_ASSIGNED TASK_. Find every line below with the string "Polygon" and pick it out.

[Collected data entries]

↓↓↓

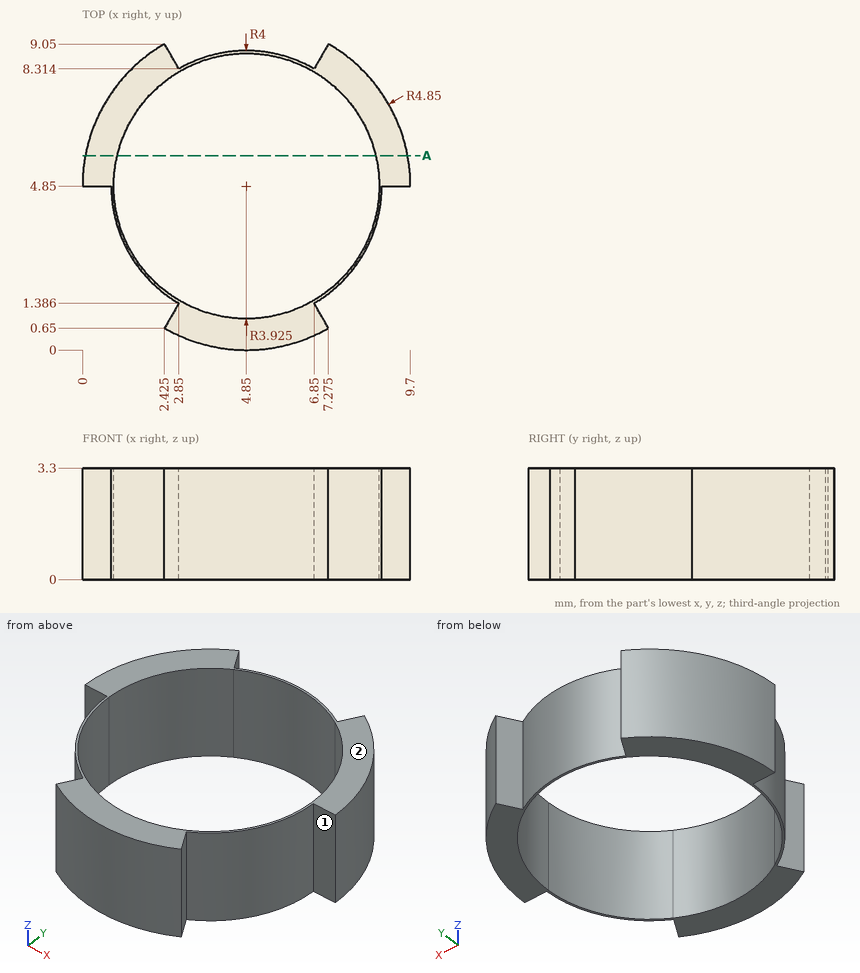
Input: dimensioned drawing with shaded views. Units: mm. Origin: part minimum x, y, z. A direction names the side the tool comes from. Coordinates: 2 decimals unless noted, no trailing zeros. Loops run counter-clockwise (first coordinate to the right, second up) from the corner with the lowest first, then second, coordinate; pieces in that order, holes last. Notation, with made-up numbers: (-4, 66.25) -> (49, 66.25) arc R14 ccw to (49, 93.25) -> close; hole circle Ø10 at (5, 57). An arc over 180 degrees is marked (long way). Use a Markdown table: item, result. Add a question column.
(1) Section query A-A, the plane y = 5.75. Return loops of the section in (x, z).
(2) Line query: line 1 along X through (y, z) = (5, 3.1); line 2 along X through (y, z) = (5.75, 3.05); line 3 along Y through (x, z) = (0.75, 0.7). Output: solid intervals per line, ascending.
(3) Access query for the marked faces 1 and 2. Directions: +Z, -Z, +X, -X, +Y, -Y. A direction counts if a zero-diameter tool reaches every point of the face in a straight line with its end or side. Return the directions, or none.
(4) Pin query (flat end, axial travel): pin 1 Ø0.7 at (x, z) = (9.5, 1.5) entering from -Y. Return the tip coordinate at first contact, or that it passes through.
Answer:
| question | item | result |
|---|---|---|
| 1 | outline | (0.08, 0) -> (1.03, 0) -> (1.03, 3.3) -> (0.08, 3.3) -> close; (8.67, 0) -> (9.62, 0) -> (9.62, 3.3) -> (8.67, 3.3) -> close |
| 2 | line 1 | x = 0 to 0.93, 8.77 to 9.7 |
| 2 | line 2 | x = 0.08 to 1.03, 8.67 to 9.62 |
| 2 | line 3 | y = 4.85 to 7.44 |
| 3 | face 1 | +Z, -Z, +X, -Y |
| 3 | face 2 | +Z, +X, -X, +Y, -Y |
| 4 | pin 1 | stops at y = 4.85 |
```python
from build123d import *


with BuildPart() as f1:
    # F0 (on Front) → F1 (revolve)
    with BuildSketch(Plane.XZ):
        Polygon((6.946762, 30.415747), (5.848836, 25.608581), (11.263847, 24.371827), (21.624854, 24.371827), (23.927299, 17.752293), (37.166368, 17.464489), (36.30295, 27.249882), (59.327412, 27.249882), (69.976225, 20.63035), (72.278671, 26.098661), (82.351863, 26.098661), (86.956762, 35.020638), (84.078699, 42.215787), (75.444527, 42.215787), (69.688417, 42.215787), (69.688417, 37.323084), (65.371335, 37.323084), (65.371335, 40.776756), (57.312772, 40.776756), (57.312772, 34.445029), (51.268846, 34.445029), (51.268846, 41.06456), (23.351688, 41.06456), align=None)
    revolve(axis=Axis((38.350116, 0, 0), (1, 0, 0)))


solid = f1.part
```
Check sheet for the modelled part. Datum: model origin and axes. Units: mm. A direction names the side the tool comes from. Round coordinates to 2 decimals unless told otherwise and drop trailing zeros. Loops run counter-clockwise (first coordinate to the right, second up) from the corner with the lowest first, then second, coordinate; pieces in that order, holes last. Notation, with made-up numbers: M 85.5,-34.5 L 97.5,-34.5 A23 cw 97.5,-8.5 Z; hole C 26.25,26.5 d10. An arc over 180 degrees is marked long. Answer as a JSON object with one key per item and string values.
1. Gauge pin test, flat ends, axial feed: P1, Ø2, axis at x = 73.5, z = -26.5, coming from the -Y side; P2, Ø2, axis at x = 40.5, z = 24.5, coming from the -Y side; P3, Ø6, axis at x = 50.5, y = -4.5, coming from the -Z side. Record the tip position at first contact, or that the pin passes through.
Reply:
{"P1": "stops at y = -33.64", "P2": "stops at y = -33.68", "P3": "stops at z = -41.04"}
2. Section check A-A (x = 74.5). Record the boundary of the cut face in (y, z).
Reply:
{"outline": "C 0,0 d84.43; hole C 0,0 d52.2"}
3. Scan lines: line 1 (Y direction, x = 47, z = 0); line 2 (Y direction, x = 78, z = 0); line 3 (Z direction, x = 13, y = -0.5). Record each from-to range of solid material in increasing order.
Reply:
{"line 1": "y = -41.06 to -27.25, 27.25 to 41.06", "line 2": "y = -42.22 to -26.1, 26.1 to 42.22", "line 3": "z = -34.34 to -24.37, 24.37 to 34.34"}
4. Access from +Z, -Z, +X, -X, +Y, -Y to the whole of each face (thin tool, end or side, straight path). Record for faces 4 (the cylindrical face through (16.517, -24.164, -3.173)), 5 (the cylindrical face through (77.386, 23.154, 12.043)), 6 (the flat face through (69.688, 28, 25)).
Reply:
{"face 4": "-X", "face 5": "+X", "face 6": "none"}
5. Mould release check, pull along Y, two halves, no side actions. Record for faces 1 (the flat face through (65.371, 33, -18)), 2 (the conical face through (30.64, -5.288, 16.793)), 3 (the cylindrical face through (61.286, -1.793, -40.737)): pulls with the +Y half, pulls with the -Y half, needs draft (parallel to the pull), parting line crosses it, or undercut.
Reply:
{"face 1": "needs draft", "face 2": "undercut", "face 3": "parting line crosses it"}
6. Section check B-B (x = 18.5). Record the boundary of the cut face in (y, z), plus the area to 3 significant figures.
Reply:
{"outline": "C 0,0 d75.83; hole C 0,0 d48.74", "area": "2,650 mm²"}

↑↑↑
↓↓↓

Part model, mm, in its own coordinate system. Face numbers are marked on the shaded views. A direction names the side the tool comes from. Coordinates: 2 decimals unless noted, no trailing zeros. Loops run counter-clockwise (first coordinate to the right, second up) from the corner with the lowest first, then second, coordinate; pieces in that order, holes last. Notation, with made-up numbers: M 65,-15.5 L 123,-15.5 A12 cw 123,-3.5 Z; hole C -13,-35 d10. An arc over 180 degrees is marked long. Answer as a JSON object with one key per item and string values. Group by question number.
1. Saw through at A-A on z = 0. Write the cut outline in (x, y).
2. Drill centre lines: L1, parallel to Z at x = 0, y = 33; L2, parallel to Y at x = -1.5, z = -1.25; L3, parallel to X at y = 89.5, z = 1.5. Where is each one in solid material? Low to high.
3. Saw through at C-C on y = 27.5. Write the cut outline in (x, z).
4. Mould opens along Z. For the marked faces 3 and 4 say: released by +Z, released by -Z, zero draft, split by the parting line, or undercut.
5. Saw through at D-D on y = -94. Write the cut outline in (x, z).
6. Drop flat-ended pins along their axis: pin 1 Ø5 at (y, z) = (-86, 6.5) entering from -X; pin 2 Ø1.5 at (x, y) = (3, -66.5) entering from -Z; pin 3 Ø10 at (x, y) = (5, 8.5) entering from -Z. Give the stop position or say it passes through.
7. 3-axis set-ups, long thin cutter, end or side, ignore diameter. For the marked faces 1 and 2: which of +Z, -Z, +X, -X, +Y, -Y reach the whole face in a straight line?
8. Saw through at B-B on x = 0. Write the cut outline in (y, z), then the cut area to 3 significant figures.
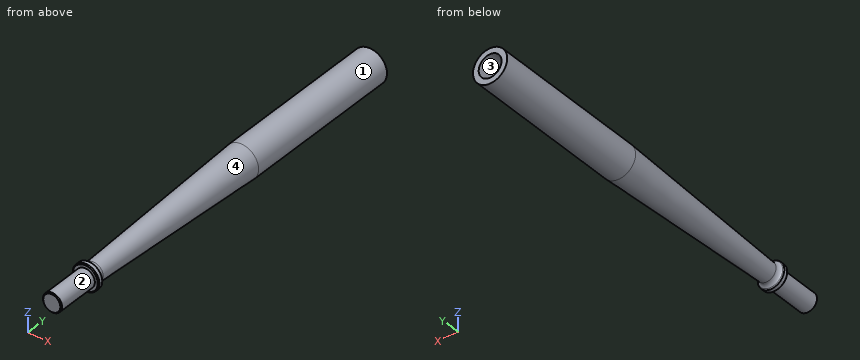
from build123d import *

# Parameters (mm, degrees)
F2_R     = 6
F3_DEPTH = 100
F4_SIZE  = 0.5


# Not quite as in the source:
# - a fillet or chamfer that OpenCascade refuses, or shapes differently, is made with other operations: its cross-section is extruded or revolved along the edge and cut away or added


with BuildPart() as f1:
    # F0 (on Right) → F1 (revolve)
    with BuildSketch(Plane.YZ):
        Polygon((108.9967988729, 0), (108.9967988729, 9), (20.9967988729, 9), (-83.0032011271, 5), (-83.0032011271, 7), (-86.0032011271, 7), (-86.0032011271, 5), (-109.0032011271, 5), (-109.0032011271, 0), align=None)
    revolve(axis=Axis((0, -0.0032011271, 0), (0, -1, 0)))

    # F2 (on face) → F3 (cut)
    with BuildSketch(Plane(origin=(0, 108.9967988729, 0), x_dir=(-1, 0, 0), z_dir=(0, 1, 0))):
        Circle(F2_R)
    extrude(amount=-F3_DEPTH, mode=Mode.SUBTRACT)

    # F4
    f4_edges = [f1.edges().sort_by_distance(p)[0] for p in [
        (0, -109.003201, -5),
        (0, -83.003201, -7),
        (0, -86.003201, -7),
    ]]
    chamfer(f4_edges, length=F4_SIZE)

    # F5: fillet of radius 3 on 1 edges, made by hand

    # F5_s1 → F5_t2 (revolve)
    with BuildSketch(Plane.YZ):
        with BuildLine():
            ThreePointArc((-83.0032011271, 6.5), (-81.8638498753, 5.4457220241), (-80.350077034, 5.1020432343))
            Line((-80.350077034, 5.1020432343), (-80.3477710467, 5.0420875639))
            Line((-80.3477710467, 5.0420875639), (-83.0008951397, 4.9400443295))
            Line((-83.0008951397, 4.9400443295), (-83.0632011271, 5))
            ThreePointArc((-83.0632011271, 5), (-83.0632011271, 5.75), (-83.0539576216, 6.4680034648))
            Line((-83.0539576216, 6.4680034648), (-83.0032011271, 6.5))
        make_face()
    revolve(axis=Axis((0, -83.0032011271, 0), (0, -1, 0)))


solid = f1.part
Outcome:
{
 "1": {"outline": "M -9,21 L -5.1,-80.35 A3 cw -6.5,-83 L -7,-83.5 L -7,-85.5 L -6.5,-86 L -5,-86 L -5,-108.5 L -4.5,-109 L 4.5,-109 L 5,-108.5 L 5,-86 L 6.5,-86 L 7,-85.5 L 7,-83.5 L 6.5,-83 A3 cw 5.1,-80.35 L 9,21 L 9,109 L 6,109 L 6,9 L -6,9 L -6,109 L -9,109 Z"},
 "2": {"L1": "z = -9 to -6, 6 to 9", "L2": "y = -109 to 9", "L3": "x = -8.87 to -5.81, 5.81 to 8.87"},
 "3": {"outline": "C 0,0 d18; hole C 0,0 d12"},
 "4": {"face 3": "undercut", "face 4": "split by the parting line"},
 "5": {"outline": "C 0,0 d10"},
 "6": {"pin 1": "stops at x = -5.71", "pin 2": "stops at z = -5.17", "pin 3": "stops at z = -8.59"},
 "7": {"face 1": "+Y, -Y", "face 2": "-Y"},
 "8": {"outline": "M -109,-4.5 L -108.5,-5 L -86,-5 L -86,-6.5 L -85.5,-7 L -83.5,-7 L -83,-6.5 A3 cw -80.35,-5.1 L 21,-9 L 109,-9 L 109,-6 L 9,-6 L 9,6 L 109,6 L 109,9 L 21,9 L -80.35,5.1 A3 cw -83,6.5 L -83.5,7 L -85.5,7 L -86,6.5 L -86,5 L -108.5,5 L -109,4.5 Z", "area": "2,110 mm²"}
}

↑↑↑

_OUTPUT BELOW_.
        Polygon((6.946762, 30.415747), (5.848836, 25.608581), (11.263847, 24.371827), (21.624854, 24.371827), (23.927299, 17.752293), (37.166368, 17.464489), (36.30295, 27.249882), (59.327412, 27.249882), (69.976225, 20.63035), (72.278671, 26.098661), (82.351863, 26.098661), (86.956762, 35.020638), (84.078699, 42.215787), (75.444527, 42.215787), (69.688417, 42.215787), (69.688417, 37.323084), (65.371335, 37.323084), (65.371335, 40.776756), (57.312772, 40.776756), (57.312772, 34.445029), (51.268846, 34.445029), (51.268846, 41.06456), (23.351688, 41.06456), align=None)
        Polygon((108.9967988729, 0), (108.9967988729, 9), (20.9967988729, 9), (-83.0032011271, 5), (-83.0032011271, 7), (-86.0032011271, 7), (-86.0032011271, 5), (-109.0032011271, 5), (-109.0032011271, 0), align=None)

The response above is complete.